═════ Data under study ═════

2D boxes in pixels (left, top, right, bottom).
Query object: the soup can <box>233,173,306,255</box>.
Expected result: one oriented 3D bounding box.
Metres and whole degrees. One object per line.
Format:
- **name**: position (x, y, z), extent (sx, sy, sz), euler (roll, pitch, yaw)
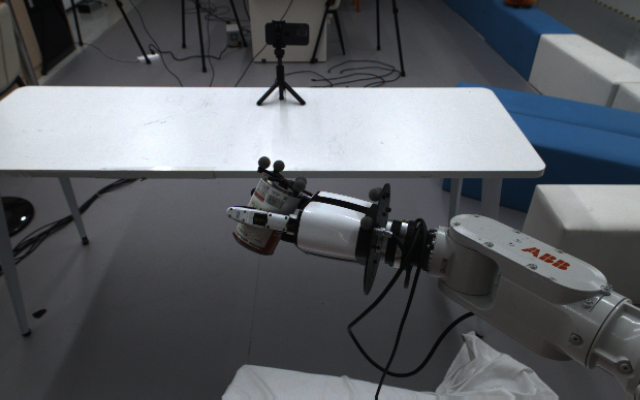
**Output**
- **soup can**: position (-0.076, 0.022, 0.712), extent (0.067, 0.101, 0.067), euler (27, 10, -5)
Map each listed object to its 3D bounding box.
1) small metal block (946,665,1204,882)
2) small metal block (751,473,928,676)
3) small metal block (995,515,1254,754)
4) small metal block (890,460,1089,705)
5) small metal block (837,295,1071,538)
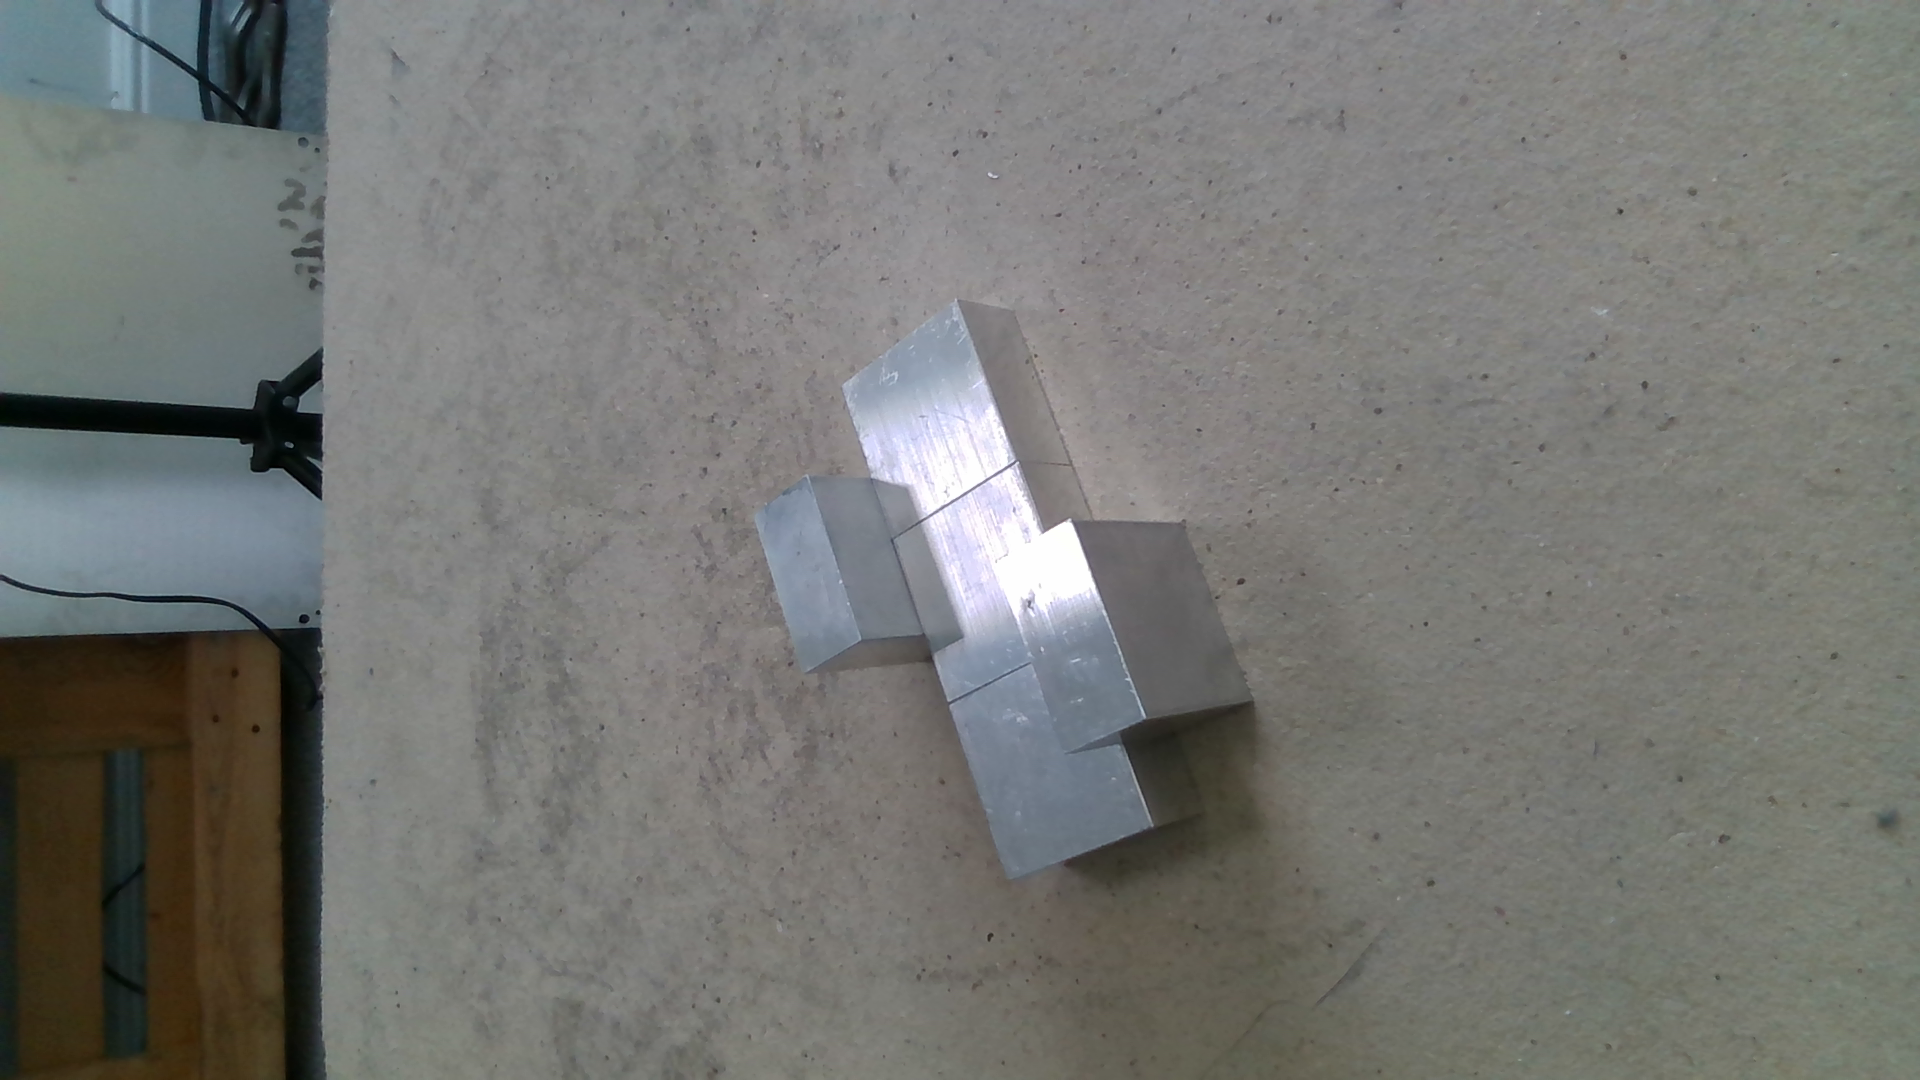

═════

** Exercise brief **
Copy out the data above exactly, except the pictures.

** Task output **
2D boxes in pixels (left, top, right, bottom).
Query object: the soup can <box>233,173,306,255</box>.
Expected result: one oriented 3D bounding box.
Metres and whole degrees. One object per line.
Format:
- **name**: position (x, y, z), extent (sx, sy, sz), euler (roll, pitch, yaw)
**Output**
- **soup can**: position (-0.076, 0.022, 0.712), extent (0.067, 0.101, 0.067), euler (27, 10, -5)
Map each listed object to its 3D bounding box.
1) small metal block (946,665,1204,882)
2) small metal block (751,473,928,676)
3) small metal block (995,515,1254,754)
4) small metal block (890,460,1089,705)
5) small metal block (837,295,1071,538)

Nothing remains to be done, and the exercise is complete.